Klose verpflichtet Miroslav Klose führt mit 15 Toren die ewige Schützenliste bei Weltmeisterschaften an. Auch die Kreisliga A, speziell der SSV Zuffenhausen, hat seinen Klose, Vorname Dennis. Dessen Zähler steht aktuell bei 14. Bedeutet Platz sechs in der Ligawertung. Nichts Besonderes auf den ersten Blick. Jedoch schon, wenn man weiß, dass er allein sechs seiner Treffer davon beim 9:0-Sieg über Stammheim erzielt hat. Einsame Spitze, was die Ausbeute in einem einzelnen Spiel anbelangt.

Tschüss, Trainer Bereits nach sechs Spieltagen hieß es „Tschüss, Erhan Atici“. Der ambitionierte Vorjahresdritte SSV Zuffenhausen trennte sich in Anbetracht von bis dahin nur sieben Zählern auf dem eigenen Konto von seinem Coach. Nachfolger ist seitdem Aticis Co-Trainer Nevzat Dursun. Zwei Spieltage länger war das Haltbarkeitsdatum von Ivo Ilijasevic beim TB Untertürkheim. Seine Bilanz diente aber auch nicht als Bewerbung: acht Spiele, zwei Punkte. Insgesamt sieben Jahre als Spieler und Trainer war er beim Gehrenwaldclub aktiv, die vergangenen beiden Jahre als Chefcoach. Seinem Nachfolger Michael Kienzle ist der große Wurf aber auch noch nicht gelungen. Seine Ausbeute: sieben Spiele, zwei Punkte.

Ein Spieltag voller Action Potzblitz, was war denn am sechsten Spieltag alles los – da spielte die Liga verrückt. Insgesamt neun Platzverweise gab es, viermal glatt Rot und fünfmal Gelb-Rot. Vor allem im Derby zwischen dem SSV Zuffenhausen und der Sportvg Feuerbach – Endstand 0:2 – ging es rund. Die beiden Zuffenhausener Nevzat Dursun und Sedad Köylü sahen ebenso Rot wie der Feuerbacher Jonathan Kahsay, und dessen Mitspieler Luca Lombardi musste mit Gelb-Rot früher Schluss machen. Zudem brachte der Spieltag tragische Momente mit sich. Insgesamt rückte bei den acht Partien an diesem 5. Oktober dreimal der Krankenwagen an, einmal auch in dem angesprochenem Derby.

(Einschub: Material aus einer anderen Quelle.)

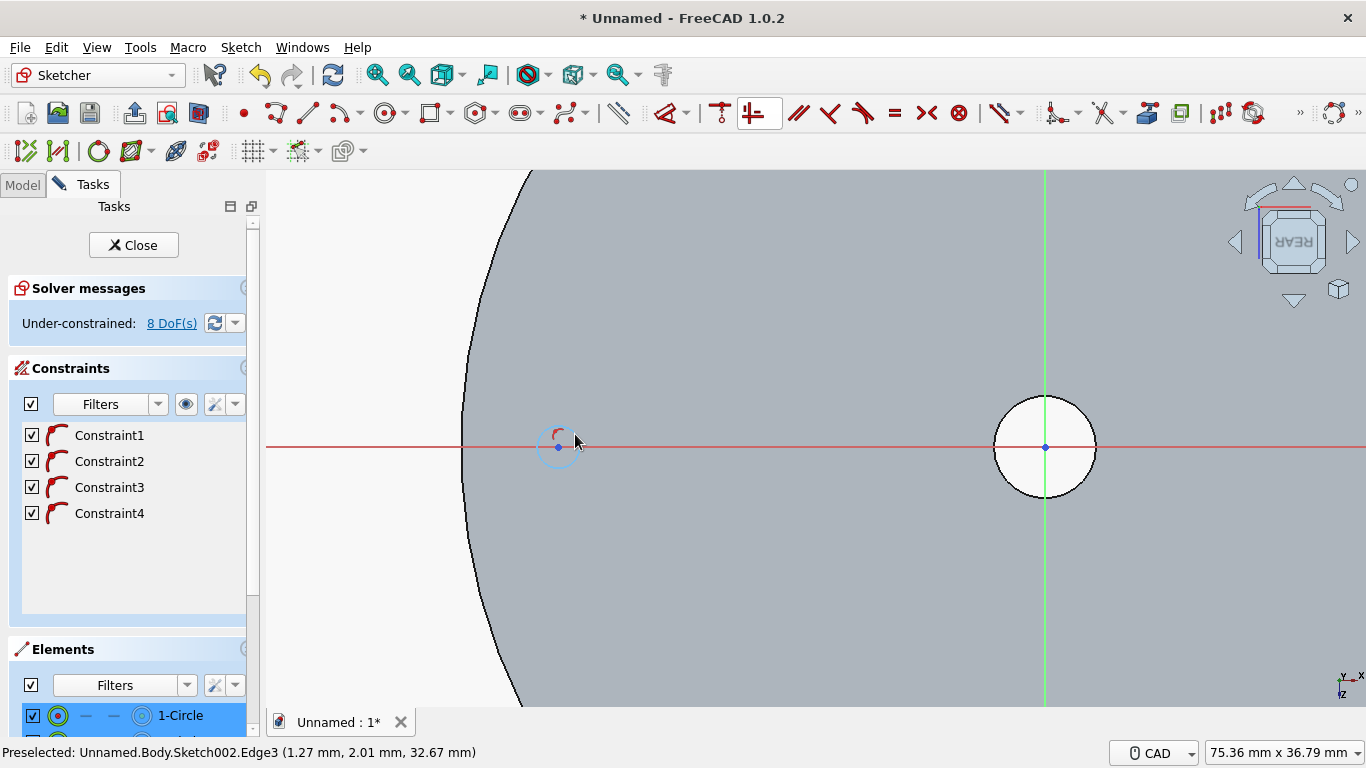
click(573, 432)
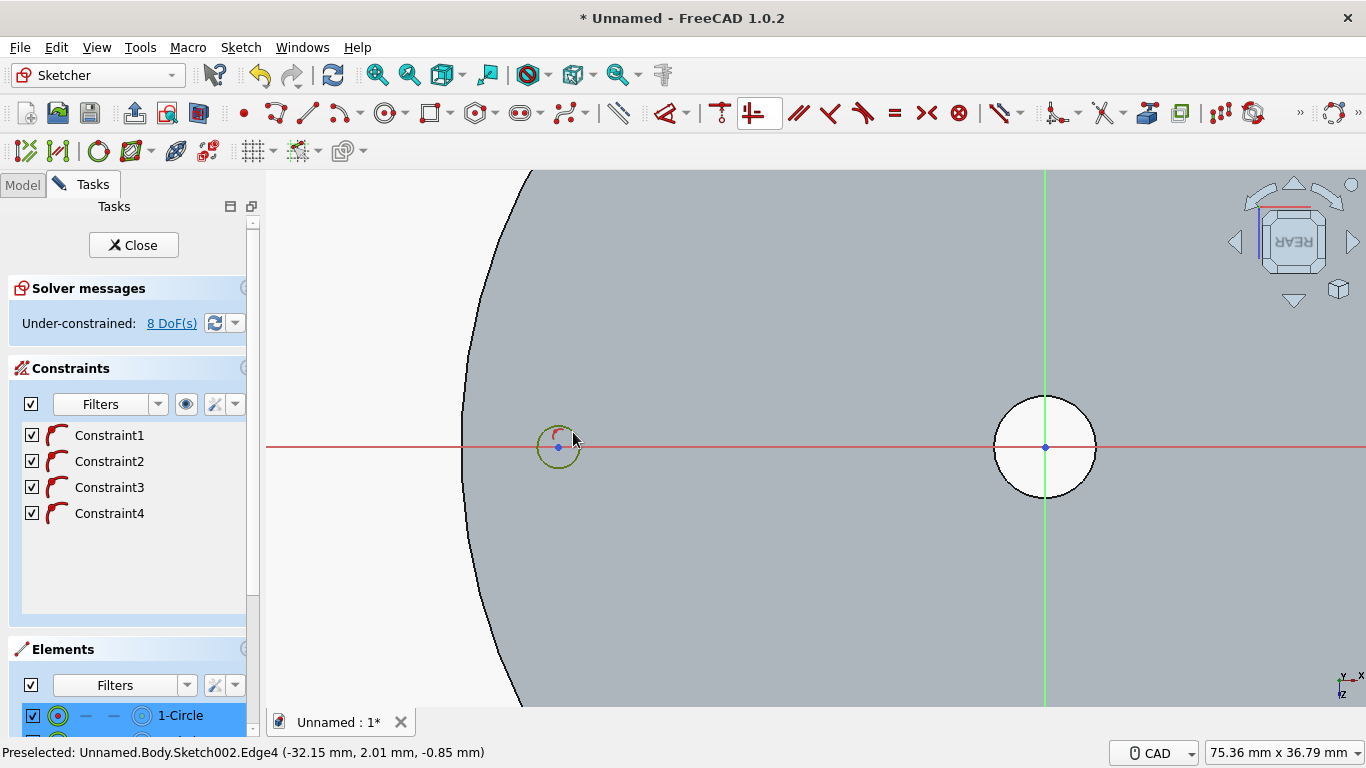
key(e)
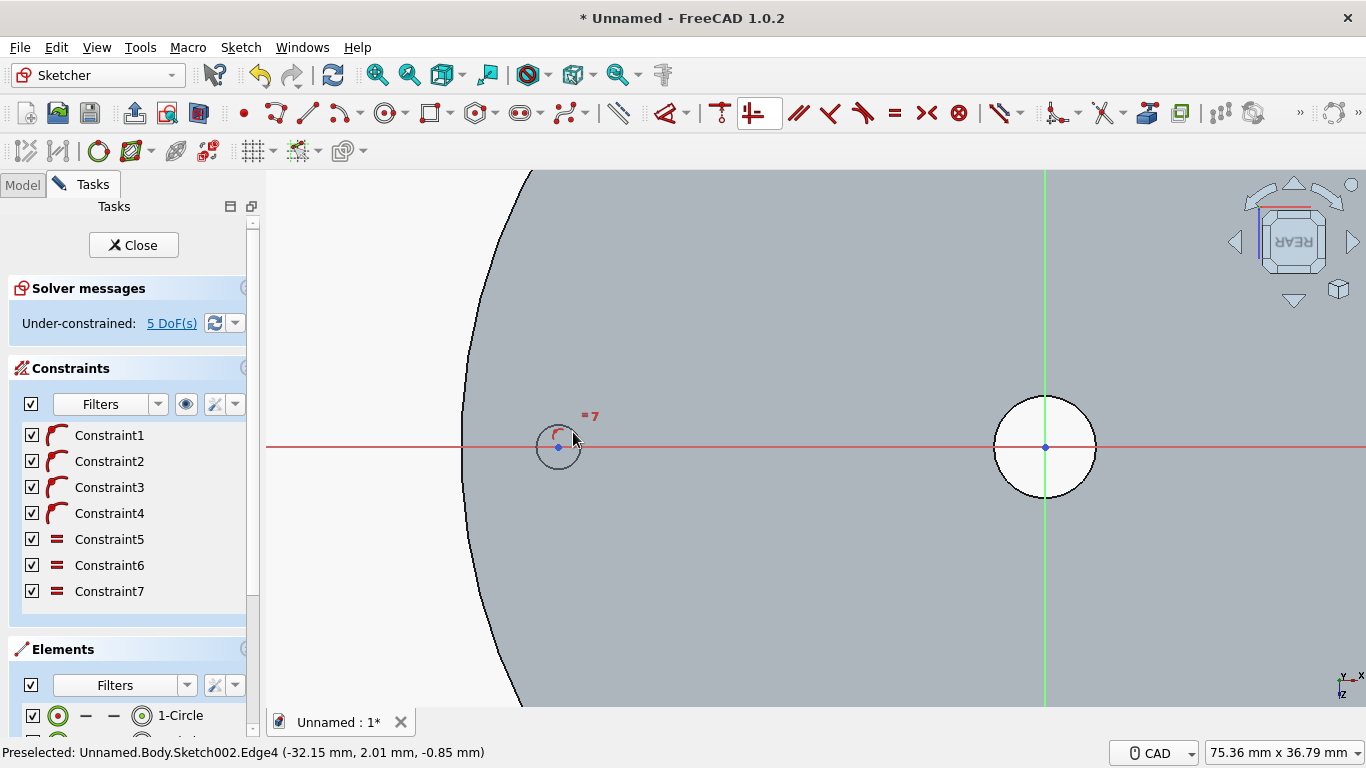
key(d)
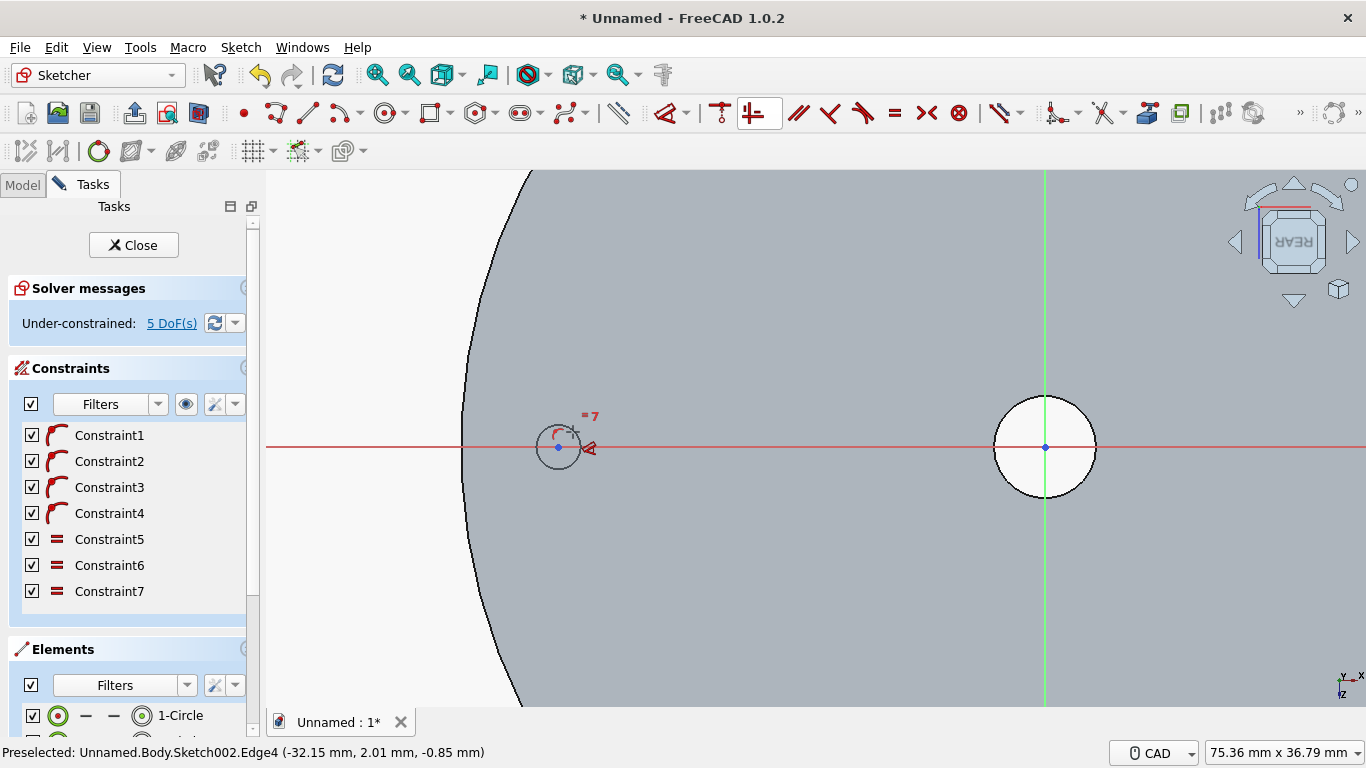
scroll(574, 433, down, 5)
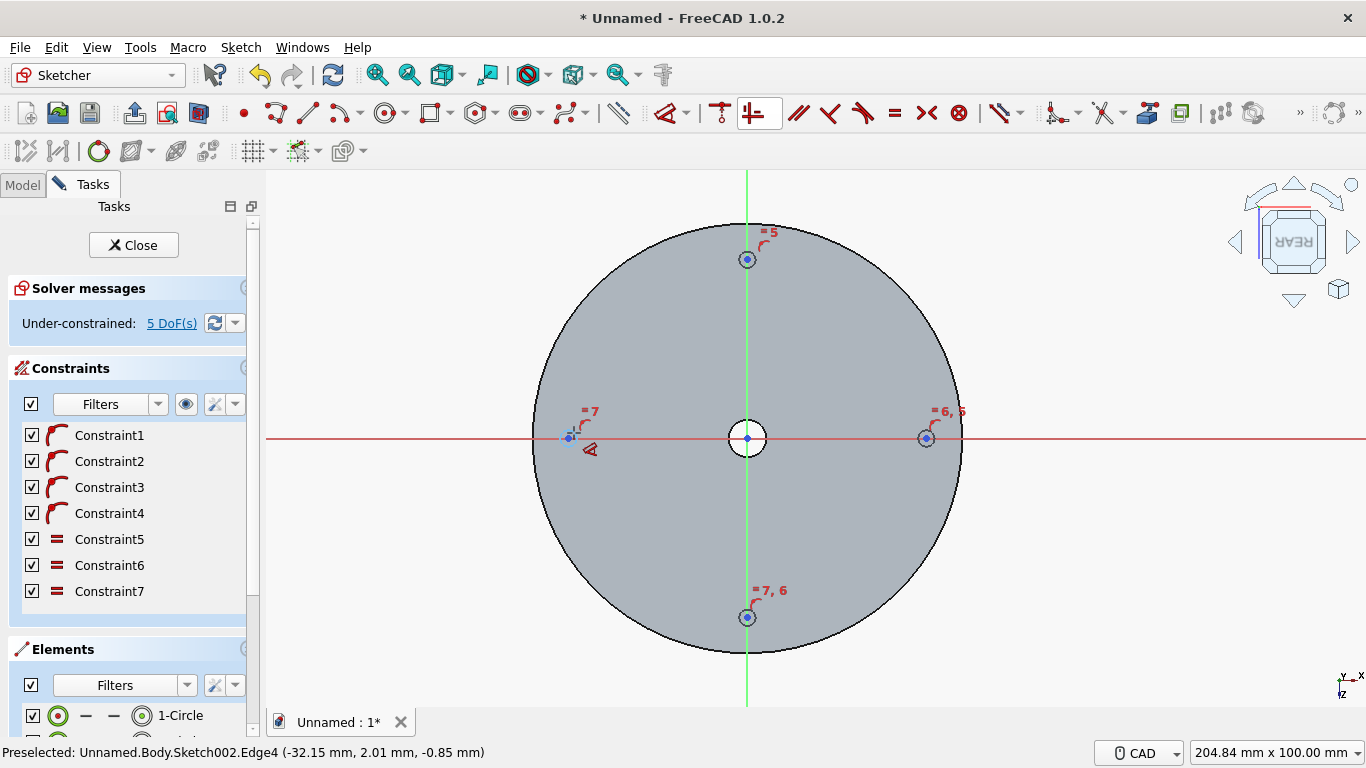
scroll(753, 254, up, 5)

Torreiche Runde Bis jetzt sind insgesamt 614 Tore gefallen, was einen Schnitt von 5,1 Toren pro Partie macht. Dabei waren die 16 Vereine am letzten Spieltag des Kalenderjahrs am treffsichersten. Bei den acht Begegnungen hieß es 52-mal „Tor“ – ein Schnitt von 6,5 Treffern pro Begegnung. Tore-Negativrekord war am 33. Spieltag: 33 Treffer bedeuteten rund 4,1 pro Partie.

Fair geht vor Die Fairnesstabelle wird vom Aufsteiger TSV Weilimdorf II angeführt. Dieser sah 24 Gelbe und jeweils eine Gelb-Rote und Rote Karte. Zweiter ist der TSV Münster mit 34 Gelben Karten, jedoch ohne einen einzigen Platzverweis. Dahinter der TV Zazenhausen. Dessen Spieler sahen 30-mal Gelb und ebenfalls kein einziges Mal Rot. Eine Gelb-Rote und drei weitere Gelbe Karten stehen aber noch auf dem „Negativkonto“ des Funktionärsteams von Trainer Stefan Schuon. Diese gab es jeweils für einen Offiziellen. Schlusslicht in dieser Stastik ist die Sportvg Feuerbcah. Insgesamt 53 Gelbe, davon zwei für Offizielle, sowie zwei Ampelkarten und zwei Rote Karten bedeuten Liga-Minusrekord.